# New continental shift pattern..advice on a new split!



## cheekymonkey_la (Aug 27, 2012)

Hi all,

Just wondering if anyone works 12 hour shifts. Had a promotion in work and now I`am on these 12 hour shifts I dont know how to go about splitting my workout days out. Looking for suggestions on a new split altogether as I have been doing the same one for a while now without change.

I have attached a copy of my shift pattern if anyone has any suggestions.

Ta Alan


----------



## Flexingingrave (Apr 11, 2013)

Assuming green are the days you have off red are days and blue are nights ?

if this is the case your only working four days a week meaning you have 3 left train on the day you have off,if you have nights try in the day if you have days train in nights if your worry about training on days you work just don`t go crazy on them day and the days you have off go bananas .but you are able to train four day a week ,

hope this helps:cowboy:


----------



## PACEY (Jan 16, 2009)

I do 12 hour shifts, 2 days 07:00 - 19:00, 2 nights 19:00 - 07:00 then 4 days off. I have my day shifts as rest days, then 6 days to train. Depending on what i have on might have an extra rest day.

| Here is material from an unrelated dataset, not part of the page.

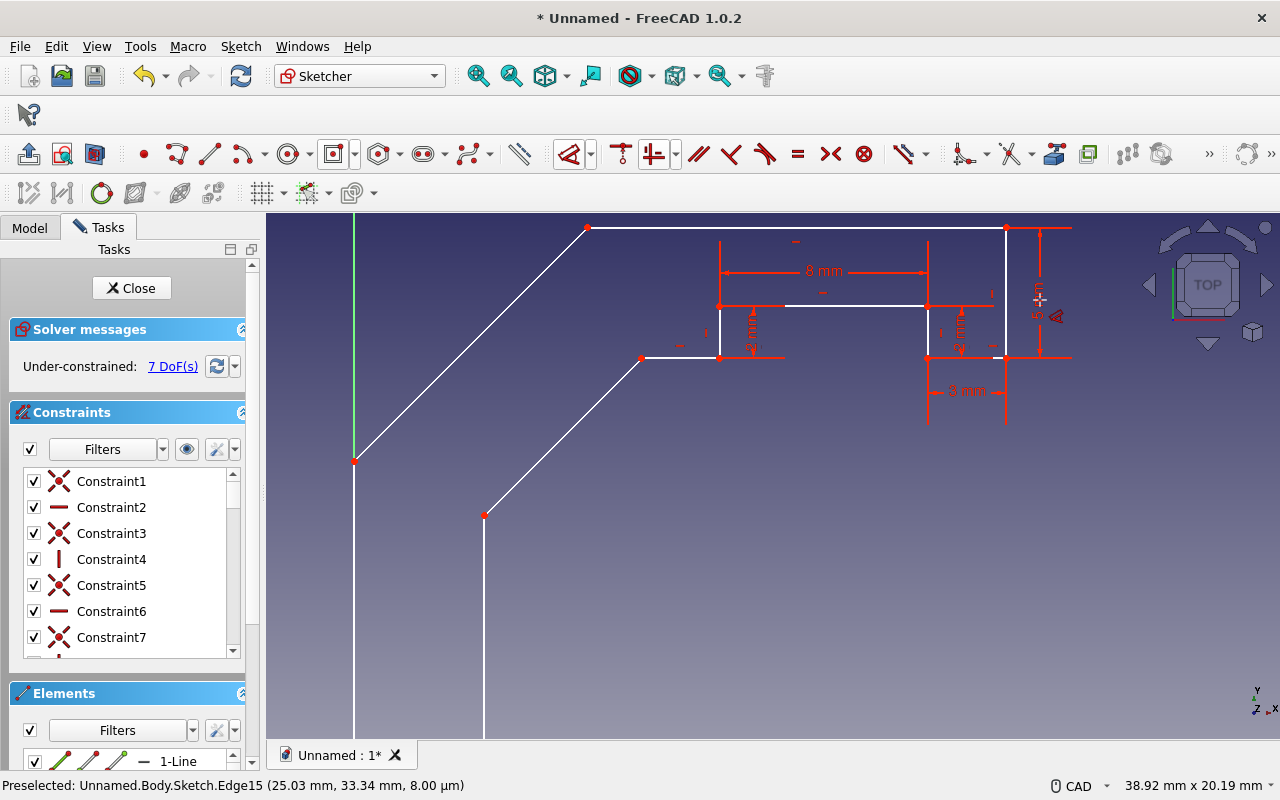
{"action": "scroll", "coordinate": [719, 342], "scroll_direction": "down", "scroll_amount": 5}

Depending on your work times i would do similar.


----------



## G-man99 (Jul 15, 2008)

PACEY said:


> I do 12 hour shifts, 2 days 07:00 - 19:00, 2 nights 19:00 - 07:00 then 4 days off. I have my day shifts as rest days, then 6 days to train. Depending on what i have on might have an extra rest day.
> 
> Depending on your work times i would do similar.


Same shifts as me.

I train on 2nd day shift after work and then the next day before the night. Will then train on at least 2 of my days off then and add in my cardio


----------



## musio (Jan 25, 2008)

What do you guys do for work? 4 days off sounds good


----------



## cheekymonkey_la (Aug 27, 2012)

Thing is..I live an hour from work...so thats an hour there and hour back..14 hours...so really the days I work are written off.


----------



## G-man99 (Jul 15, 2008)

Mechanical engineer


----------



## cheekymonkey_la (Aug 27, 2012)

Printer


----------



## PACEY (Jan 16, 2009)

G-man99 said:


> Same shifts as me.
> 
> I train on 2nd day shift after work and then the next day before the night. Will then train on at least 2 of my days off then and add in my cardio


I do a 4 day split so try and fit it into the 6 days between day shifts. Depends how bad my night shifts are, as you will know they can really mess your sleep up. Just started cycling to work now on the days for a bit of cardio,.


----------



## PACEY (Jan 16, 2009)

musio said:


> What do you guys do for work? 4 days off sounds good


Maintenance engineer at Heathrow


----------



## G-man99 (Jul 15, 2008)

I can't be bothered training after nights when I've got another one to do. I do a fair bit of overtime as well which messes it up a bit


----------



## cheekymonkey_la (Aug 27, 2012)

I think im just gonna have to fit it in on days off....and shake it up..some weeks I have 2 days off, some 3...some 4 and even an 8 days off...I cant train before or after training apart from on my last day/night.


----------



## StuartBrown06 (Jul 10, 2009)

Thats the exact same shifts i do, all 6:00 til 6:00 shifts. I never bother trying to plan my training too far in advance and find it much easier to just fit it in around how im feeling when im at work.

Never find it a problem training after dayshift but I find i really enjoy training in the afternoon when im on nights, as long as i go as soon as i wake up and dont train legs when im at work that same night!

I also do quite a bit of overtime and its always full shifts so that messes up any plans you make at the start of the week anyway


----------